Cultural Center Finds Basketball Star's
  $5 Million Gift Brings Pressures
August 30, 1999
By BRUCE WEBER

SAN ANTONIO -- One day in March 1997, David Robinson and his wife, Valerie, paid a visit to the Carver Community Cultural Center, the weather-beaten but enduring arts institution on this city's neglected east side. They had been there previously to discuss a donation to the center, which operates on a modest $1.4 million annual budget and was then preparing to open a capital campaign for much-needed renovations.



Bob Owen for The New York Times
The Carver Community Cultural Center in San Antonio, to be renovated and joined by a new school in a four-block complex.

"We wanted to create something that would still be here 100 years from now," said Robinson, best known as the center of the San Antonio Spurs, the National Basketball Association champions, who play in the Alamodome, a few blocks from the Carver.

"And we wanted to do something on the east side.

It's a sad neighborhood, and that has always bothered me.
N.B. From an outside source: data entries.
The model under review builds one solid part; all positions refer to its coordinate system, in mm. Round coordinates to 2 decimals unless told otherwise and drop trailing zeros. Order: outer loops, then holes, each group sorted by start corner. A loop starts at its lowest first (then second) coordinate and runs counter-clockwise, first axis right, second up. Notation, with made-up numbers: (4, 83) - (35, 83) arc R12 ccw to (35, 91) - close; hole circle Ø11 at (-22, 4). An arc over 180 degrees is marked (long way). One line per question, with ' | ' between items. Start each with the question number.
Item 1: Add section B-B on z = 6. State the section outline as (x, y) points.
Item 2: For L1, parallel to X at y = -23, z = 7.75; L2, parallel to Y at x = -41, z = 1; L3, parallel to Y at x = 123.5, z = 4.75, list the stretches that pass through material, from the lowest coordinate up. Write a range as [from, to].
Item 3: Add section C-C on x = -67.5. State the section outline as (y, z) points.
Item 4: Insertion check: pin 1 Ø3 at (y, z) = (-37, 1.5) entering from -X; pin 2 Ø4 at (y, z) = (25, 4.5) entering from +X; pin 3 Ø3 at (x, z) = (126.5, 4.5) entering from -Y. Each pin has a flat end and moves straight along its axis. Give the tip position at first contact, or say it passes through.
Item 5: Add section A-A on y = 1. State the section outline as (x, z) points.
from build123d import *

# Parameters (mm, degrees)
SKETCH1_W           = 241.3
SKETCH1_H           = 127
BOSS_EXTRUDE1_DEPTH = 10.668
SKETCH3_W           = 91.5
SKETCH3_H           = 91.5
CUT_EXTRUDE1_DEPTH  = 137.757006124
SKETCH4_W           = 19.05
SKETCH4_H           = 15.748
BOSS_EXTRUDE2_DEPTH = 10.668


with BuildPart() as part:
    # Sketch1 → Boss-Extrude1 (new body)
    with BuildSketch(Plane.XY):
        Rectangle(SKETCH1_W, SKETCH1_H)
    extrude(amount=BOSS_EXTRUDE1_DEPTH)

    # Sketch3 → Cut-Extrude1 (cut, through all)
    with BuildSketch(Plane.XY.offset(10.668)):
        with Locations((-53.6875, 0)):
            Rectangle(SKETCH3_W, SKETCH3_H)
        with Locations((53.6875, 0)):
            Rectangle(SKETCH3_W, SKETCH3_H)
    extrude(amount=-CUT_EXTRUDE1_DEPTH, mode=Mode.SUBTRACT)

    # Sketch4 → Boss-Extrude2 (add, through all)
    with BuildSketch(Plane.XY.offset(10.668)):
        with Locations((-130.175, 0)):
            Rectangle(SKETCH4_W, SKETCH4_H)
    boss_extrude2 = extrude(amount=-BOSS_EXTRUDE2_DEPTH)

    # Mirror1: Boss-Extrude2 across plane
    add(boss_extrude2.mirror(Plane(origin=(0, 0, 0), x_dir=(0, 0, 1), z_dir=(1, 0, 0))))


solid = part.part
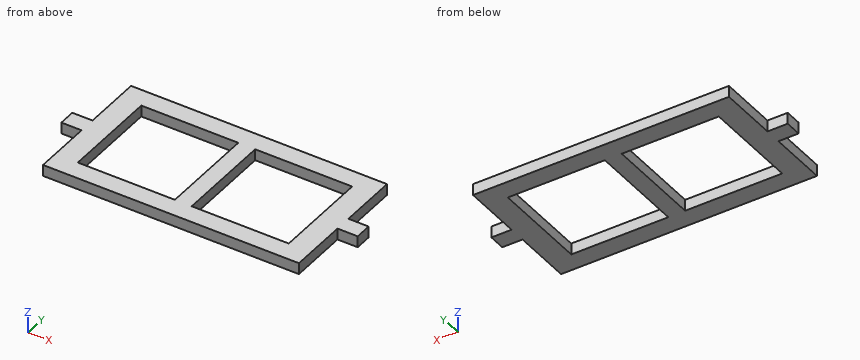
Determined:
1) outline: (-139.7, -7.87) - (-120.65, -7.87) - (-120.65, -63.5) - (120.65, -63.5) - (120.65, -7.87) - (139.7, -7.87) - (139.7, 7.87) - (120.65, 7.87) - (120.65, 63.5) - (-120.65, 63.5) - (-120.65, 7.87) - (-139.7, 7.87) - close; hole (-99.44, -45.75) - (-7.94, -45.75) - (-7.94, 45.75) - (-99.44, 45.75) - close; hole (7.94, -45.75) - (99.44, -45.75) - (99.44, 45.75) - (7.94, 45.75) - close
2) L1: [-120.65, -99.44], [-7.94, 7.94], [99.44, 120.65] | L2: [-63.5, -45.75], [45.75, 63.5] | L3: [-7.87, 7.87]
3) outline: (-63.5, 0) - (-45.75, 0) - (-45.75, 10.67) - (-63.5, 10.67) - close; (45.75, 0) - (63.5, 0) - (63.5, 10.67) - (45.75, 10.67) - close
4) pin 1: x = -120.65 | pin 2: x = 120.65 | pin 3: y = -7.87
5) outline: (-139.7, 0) - (-99.44, 0) - (-99.44, 10.67) - (-139.7, 10.67) - close; (-7.94, 0) - (7.94, 0) - (7.94, 10.67) - (-7.94, 10.67) - close; (99.44, 0) - (139.7, 0) - (139.7, 10.67) - (99.44, 10.67) - close

It's mostly an African-American neighborhood, and it's right down the street from my arena."

To those ends, the Robinsons made a decision that was remarkable in its magnitude and abruptness. They chose to build a school for neighborhood children on the grounds adjacent to the Carver, with the Carver name.

The school had been a wish of Jo Long, the Carver's longtime director, as an appropriate crown for an institution she has nurtured almost obsessively for 23 years. But it was largely a pipe dream. And in any case she was unprepared for the Robinsons' largesse.
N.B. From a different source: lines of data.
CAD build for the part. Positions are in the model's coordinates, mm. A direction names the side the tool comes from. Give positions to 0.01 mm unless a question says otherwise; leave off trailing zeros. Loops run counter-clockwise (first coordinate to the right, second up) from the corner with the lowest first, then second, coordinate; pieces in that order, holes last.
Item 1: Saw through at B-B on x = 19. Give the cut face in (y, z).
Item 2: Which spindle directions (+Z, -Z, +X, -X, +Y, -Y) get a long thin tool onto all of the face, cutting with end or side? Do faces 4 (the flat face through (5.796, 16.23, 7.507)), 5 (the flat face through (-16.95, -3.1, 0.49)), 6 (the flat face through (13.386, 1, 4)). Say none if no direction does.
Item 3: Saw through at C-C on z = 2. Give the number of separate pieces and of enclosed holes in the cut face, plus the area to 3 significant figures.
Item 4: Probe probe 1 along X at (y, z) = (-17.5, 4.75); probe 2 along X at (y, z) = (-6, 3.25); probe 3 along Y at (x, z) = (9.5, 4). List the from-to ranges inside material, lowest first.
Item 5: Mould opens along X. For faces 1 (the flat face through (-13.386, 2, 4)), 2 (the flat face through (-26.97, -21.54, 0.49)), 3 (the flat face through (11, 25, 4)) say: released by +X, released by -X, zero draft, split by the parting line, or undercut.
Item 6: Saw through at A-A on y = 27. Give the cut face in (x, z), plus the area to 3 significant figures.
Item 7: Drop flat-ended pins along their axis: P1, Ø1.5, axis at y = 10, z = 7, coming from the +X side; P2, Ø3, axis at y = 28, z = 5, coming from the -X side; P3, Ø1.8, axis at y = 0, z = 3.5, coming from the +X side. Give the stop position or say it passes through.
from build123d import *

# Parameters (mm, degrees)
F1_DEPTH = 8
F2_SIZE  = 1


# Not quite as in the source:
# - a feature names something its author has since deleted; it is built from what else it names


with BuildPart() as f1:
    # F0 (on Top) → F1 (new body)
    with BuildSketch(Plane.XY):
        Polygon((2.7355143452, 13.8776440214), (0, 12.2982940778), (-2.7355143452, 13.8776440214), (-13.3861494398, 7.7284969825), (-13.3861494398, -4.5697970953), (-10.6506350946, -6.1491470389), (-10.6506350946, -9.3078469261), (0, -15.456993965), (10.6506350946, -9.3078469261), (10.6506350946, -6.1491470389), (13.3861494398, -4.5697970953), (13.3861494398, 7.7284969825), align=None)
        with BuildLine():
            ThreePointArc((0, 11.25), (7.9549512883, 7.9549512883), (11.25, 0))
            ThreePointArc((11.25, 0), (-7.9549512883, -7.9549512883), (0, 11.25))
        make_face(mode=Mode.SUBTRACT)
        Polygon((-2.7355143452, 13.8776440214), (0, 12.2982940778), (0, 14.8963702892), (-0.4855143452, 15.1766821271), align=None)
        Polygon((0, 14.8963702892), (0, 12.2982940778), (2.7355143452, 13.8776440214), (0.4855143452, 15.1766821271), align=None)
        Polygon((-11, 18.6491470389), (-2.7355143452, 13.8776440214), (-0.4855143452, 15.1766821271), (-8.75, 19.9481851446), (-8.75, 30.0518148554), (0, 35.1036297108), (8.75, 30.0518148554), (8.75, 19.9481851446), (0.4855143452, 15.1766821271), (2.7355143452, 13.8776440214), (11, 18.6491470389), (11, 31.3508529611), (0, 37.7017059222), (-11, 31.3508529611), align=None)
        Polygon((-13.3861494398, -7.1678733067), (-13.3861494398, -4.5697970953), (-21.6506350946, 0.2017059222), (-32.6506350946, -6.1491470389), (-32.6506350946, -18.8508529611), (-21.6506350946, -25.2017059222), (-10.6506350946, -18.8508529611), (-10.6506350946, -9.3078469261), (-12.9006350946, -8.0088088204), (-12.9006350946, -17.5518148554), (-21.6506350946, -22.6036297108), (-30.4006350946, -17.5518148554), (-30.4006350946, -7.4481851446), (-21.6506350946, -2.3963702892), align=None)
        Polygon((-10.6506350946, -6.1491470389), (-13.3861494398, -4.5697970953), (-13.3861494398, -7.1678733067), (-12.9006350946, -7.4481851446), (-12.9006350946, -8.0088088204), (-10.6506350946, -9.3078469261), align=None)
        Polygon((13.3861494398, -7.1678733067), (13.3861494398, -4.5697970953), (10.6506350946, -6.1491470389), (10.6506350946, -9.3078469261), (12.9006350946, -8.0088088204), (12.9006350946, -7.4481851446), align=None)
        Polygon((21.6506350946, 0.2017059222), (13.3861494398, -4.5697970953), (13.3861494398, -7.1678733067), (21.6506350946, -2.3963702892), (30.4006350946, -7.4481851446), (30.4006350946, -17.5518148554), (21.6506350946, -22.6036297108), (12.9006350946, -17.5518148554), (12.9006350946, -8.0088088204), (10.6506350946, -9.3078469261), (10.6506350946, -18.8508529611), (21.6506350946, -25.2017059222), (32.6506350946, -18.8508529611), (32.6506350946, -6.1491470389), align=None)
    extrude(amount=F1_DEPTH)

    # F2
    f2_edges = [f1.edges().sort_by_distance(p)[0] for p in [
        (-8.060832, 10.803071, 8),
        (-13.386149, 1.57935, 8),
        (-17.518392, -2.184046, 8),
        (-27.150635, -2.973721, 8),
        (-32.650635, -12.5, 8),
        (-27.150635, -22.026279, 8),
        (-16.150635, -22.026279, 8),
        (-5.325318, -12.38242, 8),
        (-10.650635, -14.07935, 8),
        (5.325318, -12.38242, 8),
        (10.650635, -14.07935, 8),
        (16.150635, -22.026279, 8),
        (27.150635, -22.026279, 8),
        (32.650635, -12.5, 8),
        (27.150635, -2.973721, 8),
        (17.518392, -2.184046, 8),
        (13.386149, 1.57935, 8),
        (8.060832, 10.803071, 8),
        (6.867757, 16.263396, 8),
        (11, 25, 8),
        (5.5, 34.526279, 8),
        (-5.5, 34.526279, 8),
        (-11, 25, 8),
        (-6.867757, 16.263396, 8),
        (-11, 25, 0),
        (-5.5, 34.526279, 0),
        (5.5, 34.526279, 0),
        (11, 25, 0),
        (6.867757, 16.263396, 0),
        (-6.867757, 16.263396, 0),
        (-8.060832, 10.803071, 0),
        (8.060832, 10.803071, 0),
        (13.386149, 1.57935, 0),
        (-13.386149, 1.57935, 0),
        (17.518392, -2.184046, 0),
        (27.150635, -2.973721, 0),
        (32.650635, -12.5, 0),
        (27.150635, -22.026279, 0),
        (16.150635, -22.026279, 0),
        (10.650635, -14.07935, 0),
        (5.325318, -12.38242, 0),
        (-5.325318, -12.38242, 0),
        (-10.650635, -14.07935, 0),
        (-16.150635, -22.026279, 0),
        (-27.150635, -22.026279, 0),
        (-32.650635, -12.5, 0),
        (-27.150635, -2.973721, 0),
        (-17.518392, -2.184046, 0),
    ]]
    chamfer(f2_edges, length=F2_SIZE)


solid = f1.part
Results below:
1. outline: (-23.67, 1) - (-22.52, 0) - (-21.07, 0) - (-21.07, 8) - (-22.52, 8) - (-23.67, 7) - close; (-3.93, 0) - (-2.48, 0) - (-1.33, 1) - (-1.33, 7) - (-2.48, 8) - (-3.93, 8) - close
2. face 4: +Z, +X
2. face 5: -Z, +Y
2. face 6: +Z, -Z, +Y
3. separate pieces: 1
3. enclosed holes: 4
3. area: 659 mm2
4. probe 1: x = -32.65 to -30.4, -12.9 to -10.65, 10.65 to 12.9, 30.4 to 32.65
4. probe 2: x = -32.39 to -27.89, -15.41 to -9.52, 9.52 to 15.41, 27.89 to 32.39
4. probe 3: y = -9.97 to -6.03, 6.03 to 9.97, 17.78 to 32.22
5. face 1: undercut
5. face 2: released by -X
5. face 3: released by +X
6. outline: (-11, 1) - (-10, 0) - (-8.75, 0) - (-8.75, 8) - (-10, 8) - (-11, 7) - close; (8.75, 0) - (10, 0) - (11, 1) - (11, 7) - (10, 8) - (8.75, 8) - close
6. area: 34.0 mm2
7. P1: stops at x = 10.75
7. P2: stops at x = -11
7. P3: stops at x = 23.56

After the March meeting the Robinsons went to lunch, Ms. Long recalled. "And they called me an hour and a half later and said, 'O.K., we're going to give you $5 million for this school.' I was speechless. I got up and came home. And the next day they delivered a check for $75,000 to start the master planning."

In recognition of the gift, on Wednesday Robinson, 34, is to receive the Montblanc de la Culture Award, one of a series of annual honors for philanthropy in the arts bestowed around the world by Montblanc, the German pen makers.

For the Carver, however, and for Ms. Long in particular, the story has a "be careful what you wish for" element as well. The ceremonial groundbreaking is to be held on Monday for a new institution, the Carver Complex, encompassing a $6 million renovation and expansion of the Carver Cultural Center and a 280-student independent elementary school to be known as the Carver Academy, all of which has been set in motion by Robinson's $5 million.

But Ms. Long, 49, who is something of a local legend, will not be there. She is at home recovering from a breakdown, leaving the Carver leaderless at a crucial time. It is uncertain when, or if, she will return.

"I believe the stress of this effort contributed to her disability," said Isaiah T. Creswell, the chairman of the arts center board, known as the Carver Development Board.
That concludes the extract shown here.